*** Data records ***
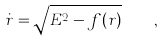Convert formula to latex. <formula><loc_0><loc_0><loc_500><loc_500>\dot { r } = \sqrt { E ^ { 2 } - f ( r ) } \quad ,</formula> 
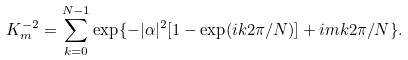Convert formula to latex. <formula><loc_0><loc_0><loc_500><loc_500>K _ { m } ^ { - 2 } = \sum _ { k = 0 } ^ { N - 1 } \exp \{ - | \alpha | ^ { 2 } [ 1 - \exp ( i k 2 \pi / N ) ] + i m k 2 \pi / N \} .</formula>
***
*** Data records ***
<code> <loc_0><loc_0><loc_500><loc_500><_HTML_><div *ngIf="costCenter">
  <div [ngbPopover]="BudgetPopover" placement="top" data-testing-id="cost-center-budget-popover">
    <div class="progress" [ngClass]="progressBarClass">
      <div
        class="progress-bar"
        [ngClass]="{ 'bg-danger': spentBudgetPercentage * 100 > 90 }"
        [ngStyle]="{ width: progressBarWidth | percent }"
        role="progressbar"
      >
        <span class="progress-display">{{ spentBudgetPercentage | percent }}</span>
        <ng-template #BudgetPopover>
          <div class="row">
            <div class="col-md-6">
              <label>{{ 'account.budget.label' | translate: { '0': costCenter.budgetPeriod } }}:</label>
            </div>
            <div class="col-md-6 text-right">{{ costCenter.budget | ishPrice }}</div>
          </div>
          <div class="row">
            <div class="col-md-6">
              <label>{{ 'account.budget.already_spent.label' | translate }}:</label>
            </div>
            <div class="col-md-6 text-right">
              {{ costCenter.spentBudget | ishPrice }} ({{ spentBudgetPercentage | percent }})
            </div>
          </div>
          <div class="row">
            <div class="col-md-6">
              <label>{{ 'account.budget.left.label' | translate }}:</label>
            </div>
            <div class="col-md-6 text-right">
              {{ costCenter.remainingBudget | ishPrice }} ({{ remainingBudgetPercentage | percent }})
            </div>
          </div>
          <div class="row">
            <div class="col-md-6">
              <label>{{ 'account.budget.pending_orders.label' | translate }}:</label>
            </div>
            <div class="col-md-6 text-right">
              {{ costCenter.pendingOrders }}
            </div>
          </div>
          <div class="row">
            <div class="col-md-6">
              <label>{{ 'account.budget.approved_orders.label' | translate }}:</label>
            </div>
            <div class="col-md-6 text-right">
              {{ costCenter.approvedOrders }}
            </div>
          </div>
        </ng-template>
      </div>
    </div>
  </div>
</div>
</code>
***
▶ _Task prompt_:
Write down every line of the data above that includes the string "BudgetPopover".

▶ _Solution to this exercise_:
  <div [ngbPopover]="BudgetPopover" placement="top" data-testing-id="cost-center-budget-popover">
        <ng-template #BudgetPopover>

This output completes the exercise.